◆ Exercise ◆
Every entry should be repeated exactly as written.

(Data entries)

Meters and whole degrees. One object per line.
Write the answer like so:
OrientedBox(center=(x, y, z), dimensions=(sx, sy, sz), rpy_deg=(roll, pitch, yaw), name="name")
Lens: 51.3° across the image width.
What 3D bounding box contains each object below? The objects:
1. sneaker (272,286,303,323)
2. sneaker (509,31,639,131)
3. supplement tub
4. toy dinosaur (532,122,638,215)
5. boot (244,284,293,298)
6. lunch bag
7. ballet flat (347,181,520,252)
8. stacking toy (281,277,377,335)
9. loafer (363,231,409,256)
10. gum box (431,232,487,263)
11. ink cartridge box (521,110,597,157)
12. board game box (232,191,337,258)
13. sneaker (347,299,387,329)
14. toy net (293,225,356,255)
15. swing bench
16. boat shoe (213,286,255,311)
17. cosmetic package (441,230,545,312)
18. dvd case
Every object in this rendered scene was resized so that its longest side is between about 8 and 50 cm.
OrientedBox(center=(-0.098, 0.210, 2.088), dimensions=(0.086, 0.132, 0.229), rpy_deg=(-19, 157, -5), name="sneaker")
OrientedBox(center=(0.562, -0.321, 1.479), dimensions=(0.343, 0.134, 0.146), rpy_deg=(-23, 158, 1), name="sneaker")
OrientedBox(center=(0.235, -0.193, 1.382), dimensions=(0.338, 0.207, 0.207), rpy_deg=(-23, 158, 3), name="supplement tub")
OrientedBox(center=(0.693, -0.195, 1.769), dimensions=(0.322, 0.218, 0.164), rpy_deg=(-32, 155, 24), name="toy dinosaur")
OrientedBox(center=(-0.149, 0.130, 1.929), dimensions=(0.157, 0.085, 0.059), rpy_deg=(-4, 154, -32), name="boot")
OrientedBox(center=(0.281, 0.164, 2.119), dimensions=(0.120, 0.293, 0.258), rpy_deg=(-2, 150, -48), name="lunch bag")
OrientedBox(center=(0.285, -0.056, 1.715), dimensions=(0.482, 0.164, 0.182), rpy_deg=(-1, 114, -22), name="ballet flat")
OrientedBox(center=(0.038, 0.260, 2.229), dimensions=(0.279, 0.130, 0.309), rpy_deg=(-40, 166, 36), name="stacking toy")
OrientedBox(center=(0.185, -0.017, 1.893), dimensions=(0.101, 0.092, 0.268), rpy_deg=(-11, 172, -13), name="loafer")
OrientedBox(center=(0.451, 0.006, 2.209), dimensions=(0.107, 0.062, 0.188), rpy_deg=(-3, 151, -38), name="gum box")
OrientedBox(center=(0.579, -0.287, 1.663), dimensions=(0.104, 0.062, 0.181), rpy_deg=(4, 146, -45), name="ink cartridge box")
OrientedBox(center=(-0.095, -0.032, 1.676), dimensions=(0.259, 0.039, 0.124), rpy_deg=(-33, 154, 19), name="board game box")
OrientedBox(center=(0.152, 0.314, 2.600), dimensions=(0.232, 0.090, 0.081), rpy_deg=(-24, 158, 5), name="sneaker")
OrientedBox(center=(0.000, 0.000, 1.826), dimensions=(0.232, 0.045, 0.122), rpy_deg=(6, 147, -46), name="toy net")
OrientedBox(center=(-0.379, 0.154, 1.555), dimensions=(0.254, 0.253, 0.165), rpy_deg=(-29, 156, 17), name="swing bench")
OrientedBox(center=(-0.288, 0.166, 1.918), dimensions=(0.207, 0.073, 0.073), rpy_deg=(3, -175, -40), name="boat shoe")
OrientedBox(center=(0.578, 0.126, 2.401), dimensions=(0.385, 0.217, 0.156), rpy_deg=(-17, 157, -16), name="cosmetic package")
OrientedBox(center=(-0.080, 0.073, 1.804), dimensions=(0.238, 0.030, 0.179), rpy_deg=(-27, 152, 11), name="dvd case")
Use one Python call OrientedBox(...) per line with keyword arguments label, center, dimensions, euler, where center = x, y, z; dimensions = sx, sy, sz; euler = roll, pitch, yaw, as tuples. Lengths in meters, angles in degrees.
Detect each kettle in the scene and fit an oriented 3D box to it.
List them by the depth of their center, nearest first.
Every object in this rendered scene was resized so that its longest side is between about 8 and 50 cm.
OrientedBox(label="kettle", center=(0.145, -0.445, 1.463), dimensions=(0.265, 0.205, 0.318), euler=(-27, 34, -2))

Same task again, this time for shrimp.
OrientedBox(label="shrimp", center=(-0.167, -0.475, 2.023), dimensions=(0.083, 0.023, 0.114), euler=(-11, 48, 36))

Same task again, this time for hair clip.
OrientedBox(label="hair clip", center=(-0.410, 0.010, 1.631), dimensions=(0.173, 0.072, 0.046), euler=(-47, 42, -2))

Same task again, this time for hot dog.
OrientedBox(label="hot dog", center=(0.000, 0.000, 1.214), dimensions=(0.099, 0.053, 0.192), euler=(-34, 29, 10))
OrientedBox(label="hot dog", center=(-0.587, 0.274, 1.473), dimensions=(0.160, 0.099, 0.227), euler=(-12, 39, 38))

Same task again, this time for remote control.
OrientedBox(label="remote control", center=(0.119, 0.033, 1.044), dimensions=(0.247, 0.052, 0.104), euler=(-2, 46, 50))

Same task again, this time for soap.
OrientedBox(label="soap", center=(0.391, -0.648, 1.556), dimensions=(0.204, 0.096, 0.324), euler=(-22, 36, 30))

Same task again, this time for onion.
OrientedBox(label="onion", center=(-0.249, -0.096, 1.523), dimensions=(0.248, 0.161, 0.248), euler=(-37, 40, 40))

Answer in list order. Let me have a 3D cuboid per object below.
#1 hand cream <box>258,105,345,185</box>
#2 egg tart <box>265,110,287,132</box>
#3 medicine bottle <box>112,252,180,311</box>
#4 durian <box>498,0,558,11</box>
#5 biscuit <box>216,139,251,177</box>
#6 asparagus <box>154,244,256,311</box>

◆ Response box ◆
Meters and whole degrees. One object per line.
Write the answer like so:
OrientedBox(center=(x, y, z), dimensions=(sx, sy, sz), rpy_deg=(roll, pitch, yaw), name="name")
Lens: 51.3° across the image width.
What 3D bounding box contains each object below? The objects:
1. sneaker (272,286,303,323)
2. sneaker (509,31,639,131)
3. supplement tub
4. toy dinosaur (532,122,638,215)
5. boot (244,284,293,298)
6. lunch bag
7. ballet flat (347,181,520,252)
8. stacking toy (281,277,377,335)
9. loafer (363,231,409,256)
10. gum box (431,232,487,263)
11. ink cartridge box (521,110,597,157)
12. board game box (232,191,337,258)
13. sneaker (347,299,387,329)
14. toy net (293,225,356,255)
15. swing bench
16. boat shoe (213,286,255,311)
17. cosmetic package (441,230,545,312)
18. dvd case
Every object in this rendered scene was resized so that its longest side is between about 8 and 50 cm.
OrientedBox(center=(-0.098, 0.210, 2.088), dimensions=(0.086, 0.132, 0.229), rpy_deg=(-19, 157, -5), name="sneaker")
OrientedBox(center=(0.562, -0.321, 1.479), dimensions=(0.343, 0.134, 0.146), rpy_deg=(-23, 158, 1), name="sneaker")
OrientedBox(center=(0.235, -0.193, 1.382), dimensions=(0.338, 0.207, 0.207), rpy_deg=(-23, 158, 3), name="supplement tub")
OrientedBox(center=(0.693, -0.195, 1.769), dimensions=(0.322, 0.218, 0.164), rpy_deg=(-32, 155, 24), name="toy dinosaur")
OrientedBox(center=(-0.149, 0.130, 1.929), dimensions=(0.157, 0.085, 0.059), rpy_deg=(-4, 154, -32), name="boot")
OrientedBox(center=(0.281, 0.164, 2.119), dimensions=(0.120, 0.293, 0.258), rpy_deg=(-2, 150, -48), name="lunch bag")
OrientedBox(center=(0.285, -0.056, 1.715), dimensions=(0.482, 0.164, 0.182), rpy_deg=(-1, 114, -22), name="ballet flat")
OrientedBox(center=(0.038, 0.260, 2.229), dimensions=(0.279, 0.130, 0.309), rpy_deg=(-40, 166, 36), name="stacking toy")
OrientedBox(center=(0.185, -0.017, 1.893), dimensions=(0.101, 0.092, 0.268), rpy_deg=(-11, 172, -13), name="loafer")
OrientedBox(center=(0.451, 0.006, 2.209), dimensions=(0.107, 0.062, 0.188), rpy_deg=(-3, 151, -38), name="gum box")
OrientedBox(center=(0.579, -0.287, 1.663), dimensions=(0.104, 0.062, 0.181), rpy_deg=(4, 146, -45), name="ink cartridge box")
OrientedBox(center=(-0.095, -0.032, 1.676), dimensions=(0.259, 0.039, 0.124), rpy_deg=(-33, 154, 19), name="board game box")
OrientedBox(center=(0.152, 0.314, 2.600), dimensions=(0.232, 0.090, 0.081), rpy_deg=(-24, 158, 5), name="sneaker")
OrientedBox(center=(0.000, 0.000, 1.826), dimensions=(0.232, 0.045, 0.122), rpy_deg=(6, 147, -46), name="toy net")
OrientedBox(center=(-0.379, 0.154, 1.555), dimensions=(0.254, 0.253, 0.165), rpy_deg=(-29, 156, 17), name="swing bench")
OrientedBox(center=(-0.288, 0.166, 1.918), dimensions=(0.207, 0.073, 0.073), rpy_deg=(3, -175, -40), name="boat shoe")
OrientedBox(center=(0.578, 0.126, 2.401), dimensions=(0.385, 0.217, 0.156), rpy_deg=(-17, 157, -16), name="cosmetic package")
OrientedBox(center=(-0.080, 0.073, 1.804), dimensions=(0.238, 0.030, 0.179), rpy_deg=(-27, 152, 11), name="dvd case")
Use one Python call OrientedBox(...) per line with keyword arguments label, center, dimensions, euler, where center = x, y, z; dimensions = sx, sy, sz; euler = roll, pitch, yaw, as tuples. Lengths in meters, angles in degrees.
Detect each kettle in the scene and fit an oriented 3D box to it.
List them by the depth of their center, nearest first.
Every object in this rendered scene was resized so that its longest side is between about 8 and 50 cm.
OrientedBox(label="kettle", center=(0.145, -0.445, 1.463), dimensions=(0.265, 0.205, 0.318), euler=(-27, 34, -2))

Same task again, this time for shrimp.
OrientedBox(label="shrimp", center=(-0.167, -0.475, 2.023), dimensions=(0.083, 0.023, 0.114), euler=(-11, 48, 36))

Same task again, this time for hair clip.
OrientedBox(label="hair clip", center=(-0.410, 0.010, 1.631), dimensions=(0.173, 0.072, 0.046), euler=(-47, 42, -2))

Same task again, this time for hot dog.
OrientedBox(label="hot dog", center=(0.000, 0.000, 1.214), dimensions=(0.099, 0.053, 0.192), euler=(-34, 29, 10))
OrientedBox(label="hot dog", center=(-0.587, 0.274, 1.473), dimensions=(0.160, 0.099, 0.227), euler=(-12, 39, 38))

Same task again, this time for remote control.
OrientedBox(label="remote control", center=(0.119, 0.033, 1.044), dimensions=(0.247, 0.052, 0.104), euler=(-2, 46, 50))

Same task again, this time for soap.
OrientedBox(label="soap", center=(0.391, -0.648, 1.556), dimensions=(0.204, 0.096, 0.324), euler=(-22, 36, 30))

Same task again, this time for onion.
OrientedBox(label="onion", center=(-0.249, -0.096, 1.523), dimensions=(0.248, 0.161, 0.248), euler=(-37, 40, 40))

Answer in list order. Let me have a 3D cuboid per object below.
#1 hand cream <box>258,105,345,185</box>
#2 egg tart <box>265,110,287,132</box>
#3 medicine bottle <box>112,252,180,311</box>
#4 durian <box>498,0,558,11</box>
#5 biscuit <box>216,139,251,177</box>
#6 asparagus <box>154,244,256,311</box>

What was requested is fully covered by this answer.